───── AVAILABLE RECORDS

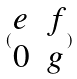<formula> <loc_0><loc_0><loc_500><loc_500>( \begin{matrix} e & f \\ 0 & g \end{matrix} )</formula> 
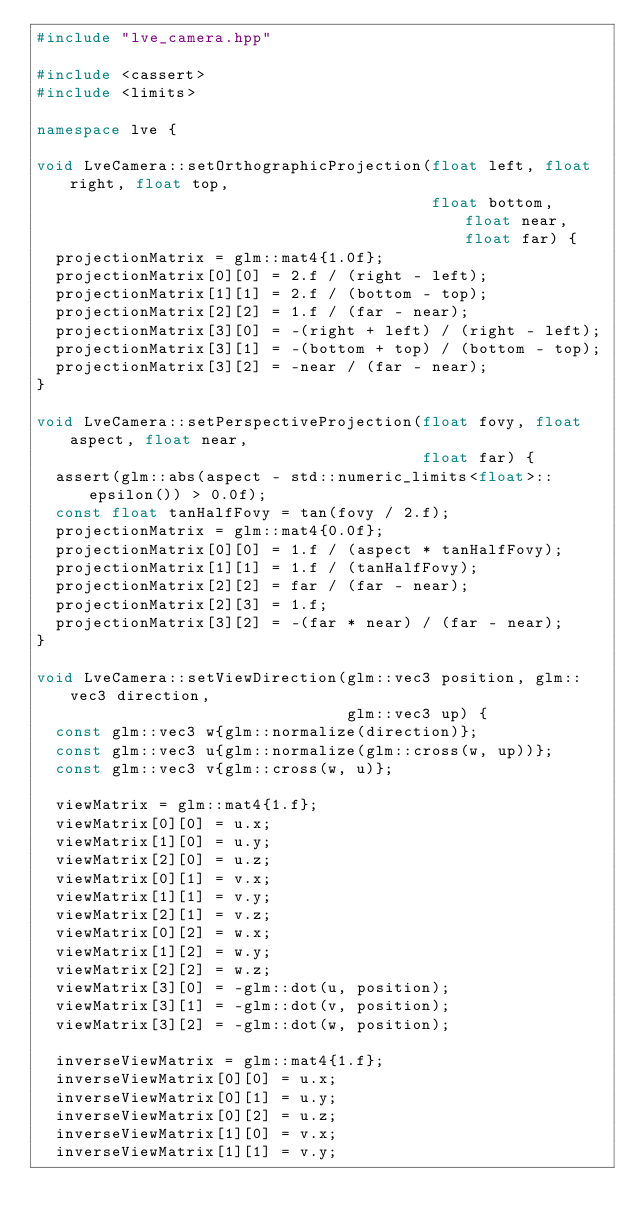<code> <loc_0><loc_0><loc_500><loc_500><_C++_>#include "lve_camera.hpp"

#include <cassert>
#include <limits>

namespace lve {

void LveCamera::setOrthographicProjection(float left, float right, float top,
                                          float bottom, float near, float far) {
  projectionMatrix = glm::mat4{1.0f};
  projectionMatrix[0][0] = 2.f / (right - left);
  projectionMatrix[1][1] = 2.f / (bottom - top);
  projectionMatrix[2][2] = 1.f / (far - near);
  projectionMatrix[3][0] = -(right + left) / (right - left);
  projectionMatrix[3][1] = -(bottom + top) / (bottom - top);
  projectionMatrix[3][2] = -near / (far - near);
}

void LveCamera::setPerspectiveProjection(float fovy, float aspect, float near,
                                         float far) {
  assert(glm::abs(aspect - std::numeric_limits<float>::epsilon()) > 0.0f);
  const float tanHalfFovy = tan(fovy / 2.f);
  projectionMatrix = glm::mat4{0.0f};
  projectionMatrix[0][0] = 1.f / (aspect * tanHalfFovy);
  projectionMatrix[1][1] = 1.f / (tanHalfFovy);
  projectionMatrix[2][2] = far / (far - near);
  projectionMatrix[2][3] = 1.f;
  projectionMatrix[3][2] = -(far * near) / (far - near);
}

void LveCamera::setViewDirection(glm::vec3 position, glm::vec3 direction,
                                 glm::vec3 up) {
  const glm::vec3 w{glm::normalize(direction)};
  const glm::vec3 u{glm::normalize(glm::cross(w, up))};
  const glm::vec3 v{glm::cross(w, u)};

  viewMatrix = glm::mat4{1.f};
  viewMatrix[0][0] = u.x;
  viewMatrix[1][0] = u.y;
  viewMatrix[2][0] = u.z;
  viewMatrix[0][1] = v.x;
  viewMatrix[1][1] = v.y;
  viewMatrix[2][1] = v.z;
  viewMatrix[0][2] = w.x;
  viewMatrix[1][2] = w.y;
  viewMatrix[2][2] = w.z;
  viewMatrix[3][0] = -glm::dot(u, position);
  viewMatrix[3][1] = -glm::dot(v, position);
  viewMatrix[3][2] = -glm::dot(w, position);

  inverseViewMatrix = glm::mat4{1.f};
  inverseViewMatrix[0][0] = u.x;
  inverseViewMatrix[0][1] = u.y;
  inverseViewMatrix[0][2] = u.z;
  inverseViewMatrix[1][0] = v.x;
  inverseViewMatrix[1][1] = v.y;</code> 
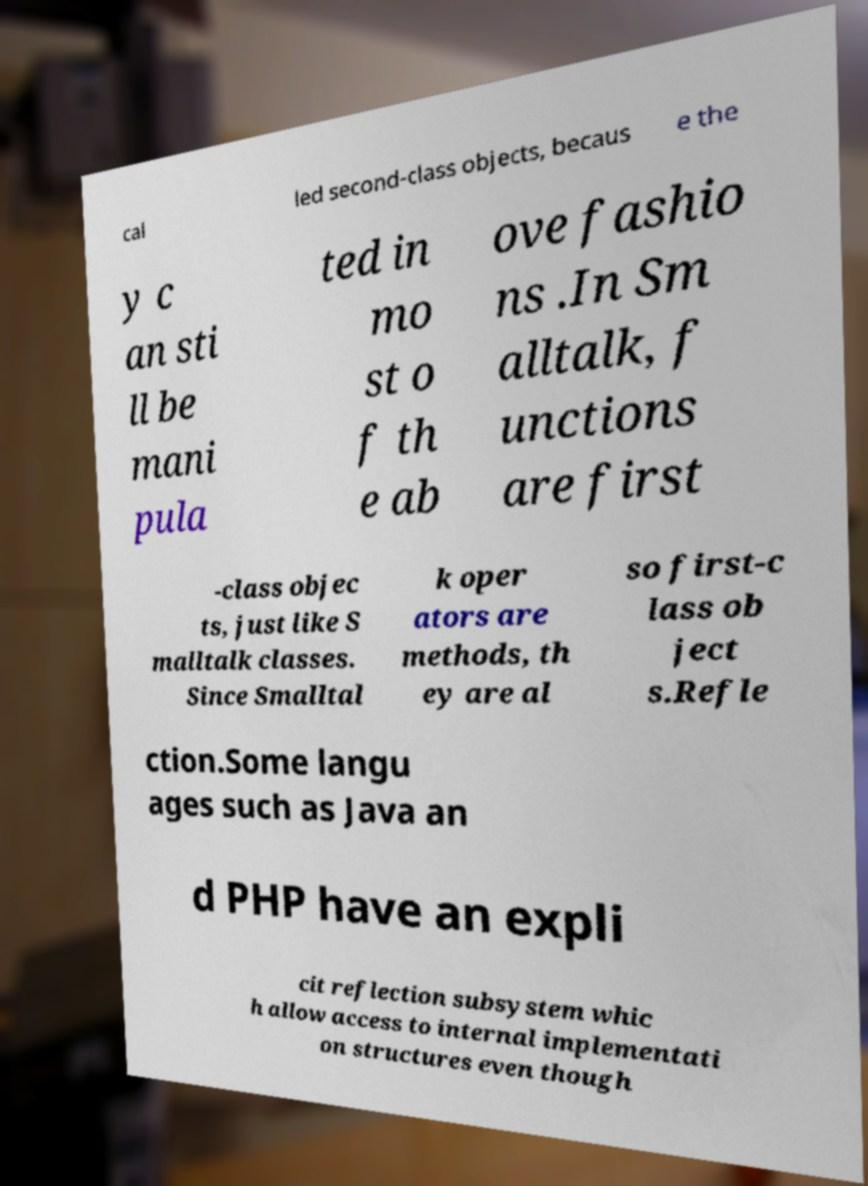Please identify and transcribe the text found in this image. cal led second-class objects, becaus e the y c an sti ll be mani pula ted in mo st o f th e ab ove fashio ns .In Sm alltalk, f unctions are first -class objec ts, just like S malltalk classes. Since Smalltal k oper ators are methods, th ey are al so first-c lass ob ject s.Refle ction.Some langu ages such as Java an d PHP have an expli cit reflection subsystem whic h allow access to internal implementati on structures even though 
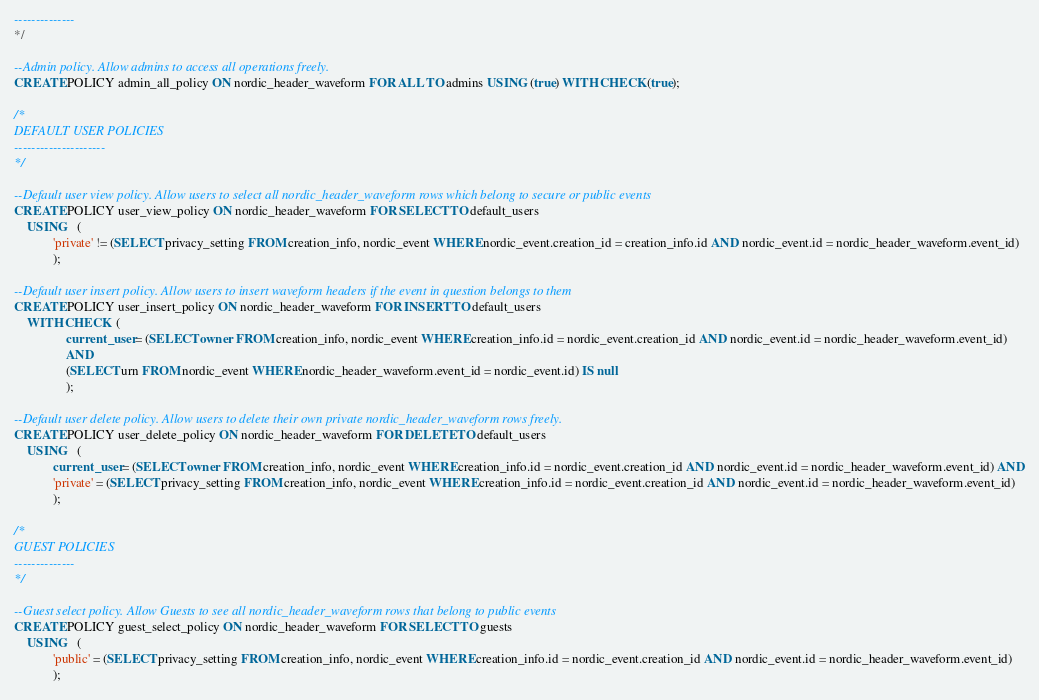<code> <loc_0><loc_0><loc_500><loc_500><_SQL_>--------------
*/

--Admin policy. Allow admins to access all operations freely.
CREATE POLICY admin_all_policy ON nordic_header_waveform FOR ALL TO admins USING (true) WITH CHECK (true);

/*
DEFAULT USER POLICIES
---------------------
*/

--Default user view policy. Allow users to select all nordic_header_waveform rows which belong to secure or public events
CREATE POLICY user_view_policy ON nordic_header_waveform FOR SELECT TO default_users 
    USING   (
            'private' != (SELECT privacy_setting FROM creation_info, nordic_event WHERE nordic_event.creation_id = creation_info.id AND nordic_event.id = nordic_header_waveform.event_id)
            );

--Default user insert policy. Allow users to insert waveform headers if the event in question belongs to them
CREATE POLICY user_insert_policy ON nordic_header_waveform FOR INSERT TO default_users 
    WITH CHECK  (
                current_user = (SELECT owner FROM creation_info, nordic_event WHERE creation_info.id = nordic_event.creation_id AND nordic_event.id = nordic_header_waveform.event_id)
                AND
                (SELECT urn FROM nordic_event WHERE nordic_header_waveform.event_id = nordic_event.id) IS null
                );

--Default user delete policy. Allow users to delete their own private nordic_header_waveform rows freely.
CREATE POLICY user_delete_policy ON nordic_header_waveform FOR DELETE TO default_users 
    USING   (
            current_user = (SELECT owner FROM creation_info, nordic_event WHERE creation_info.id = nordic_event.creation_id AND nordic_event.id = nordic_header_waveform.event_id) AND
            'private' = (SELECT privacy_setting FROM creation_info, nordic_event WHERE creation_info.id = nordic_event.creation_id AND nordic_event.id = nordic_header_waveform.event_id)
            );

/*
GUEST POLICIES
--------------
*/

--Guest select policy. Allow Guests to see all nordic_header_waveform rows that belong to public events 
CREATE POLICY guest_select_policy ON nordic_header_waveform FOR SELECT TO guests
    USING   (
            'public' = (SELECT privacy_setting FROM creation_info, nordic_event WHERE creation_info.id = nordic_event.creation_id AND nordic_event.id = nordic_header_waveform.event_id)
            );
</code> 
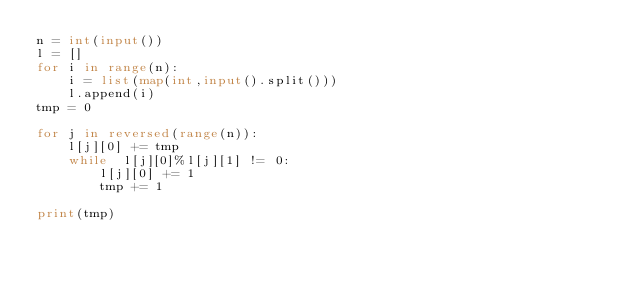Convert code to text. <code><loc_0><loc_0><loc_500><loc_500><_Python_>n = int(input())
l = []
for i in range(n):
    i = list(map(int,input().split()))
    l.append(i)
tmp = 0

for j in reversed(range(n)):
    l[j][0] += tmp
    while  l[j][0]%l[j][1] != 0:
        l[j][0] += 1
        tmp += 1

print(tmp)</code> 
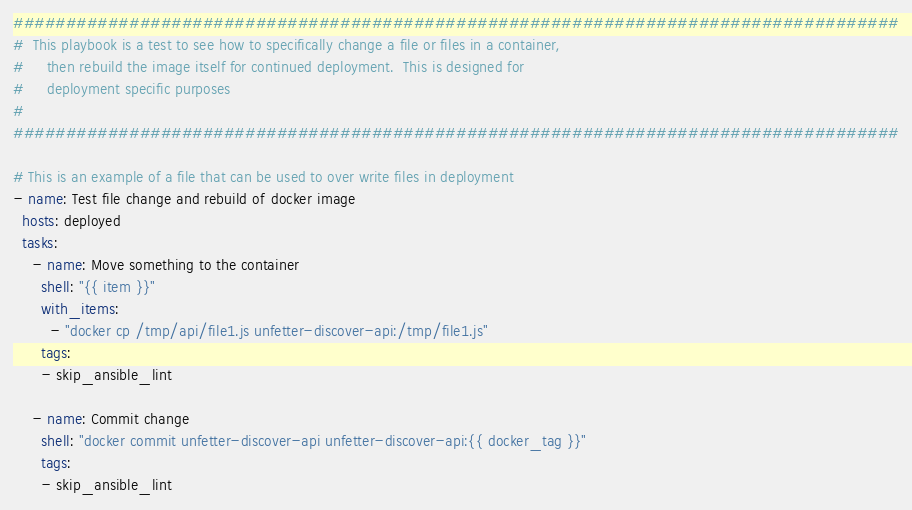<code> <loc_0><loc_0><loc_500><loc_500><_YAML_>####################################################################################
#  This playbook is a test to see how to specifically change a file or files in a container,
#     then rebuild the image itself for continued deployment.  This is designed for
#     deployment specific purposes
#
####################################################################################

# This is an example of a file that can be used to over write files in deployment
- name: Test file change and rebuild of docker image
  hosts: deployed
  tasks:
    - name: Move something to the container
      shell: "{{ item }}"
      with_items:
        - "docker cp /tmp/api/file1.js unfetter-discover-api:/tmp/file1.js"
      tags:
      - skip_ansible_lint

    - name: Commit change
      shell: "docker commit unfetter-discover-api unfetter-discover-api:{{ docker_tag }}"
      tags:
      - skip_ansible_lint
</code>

──────────

EXERCISE AIM: Where pictures appear, drop them, and reproduce exactly only the lines running from the beginning of the data to the line that contains "inverseViewMatrix[1][1] = v.y;</code>", inclusive.

EXERCISE RESPONSE:
<formula> <loc_0><loc_0><loc_500><loc_500>( \begin{matrix} e & f \\ 0 & g \end{matrix} )</formula> 
<code> <loc_0><loc_0><loc_500><loc_500><_C++_>#include "lve_camera.hpp"

#include <cassert>
#include <limits>

namespace lve {

void LveCamera::setOrthographicProjection(float left, float right, float top,
                                          float bottom, float near, float far) {
  projectionMatrix = glm::mat4{1.0f};
  projectionMatrix[0][0] = 2.f / (right - left);
  projectionMatrix[1][1] = 2.f / (bottom - top);
  projectionMatrix[2][2] = 1.f / (far - near);
  projectionMatrix[3][0] = -(right + left) / (right - left);
  projectionMatrix[3][1] = -(bottom + top) / (bottom - top);
  projectionMatrix[3][2] = -near / (far - near);
}

void LveCamera::setPerspectiveProjection(float fovy, float aspect, float near,
                                         float far) {
  assert(glm::abs(aspect - std::numeric_limits<float>::epsilon()) > 0.0f);
  const float tanHalfFovy = tan(fovy / 2.f);
  projectionMatrix = glm::mat4{0.0f};
  projectionMatrix[0][0] = 1.f / (aspect * tanHalfFovy);
  projectionMatrix[1][1] = 1.f / (tanHalfFovy);
  projectionMatrix[2][2] = far / (far - near);
  projectionMatrix[2][3] = 1.f;
  projectionMatrix[3][2] = -(far * near) / (far - near);
}

void LveCamera::setViewDirection(glm::vec3 position, glm::vec3 direction,
                                 glm::vec3 up) {
  const glm::vec3 w{glm::normalize(direction)};
  const glm::vec3 u{glm::normalize(glm::cross(w, up))};
  const glm::vec3 v{glm::cross(w, u)};

  viewMatrix = glm::mat4{1.f};
  viewMatrix[0][0] = u.x;
  viewMatrix[1][0] = u.y;
  viewMatrix[2][0] = u.z;
  viewMatrix[0][1] = v.x;
  viewMatrix[1][1] = v.y;
  viewMatrix[2][1] = v.z;
  viewMatrix[0][2] = w.x;
  viewMatrix[1][2] = w.y;
  viewMatrix[2][2] = w.z;
  viewMatrix[3][0] = -glm::dot(u, position);
  viewMatrix[3][1] = -glm::dot(v, position);
  viewMatrix[3][2] = -glm::dot(w, position);

  inverseViewMatrix = glm::mat4{1.f};
  inverseViewMatrix[0][0] = u.x;
  inverseViewMatrix[0][1] = u.y;
  inverseViewMatrix[0][2] = u.z;
  inverseViewMatrix[1][0] = v.x;
  inverseViewMatrix[1][1] = v.y;</code> 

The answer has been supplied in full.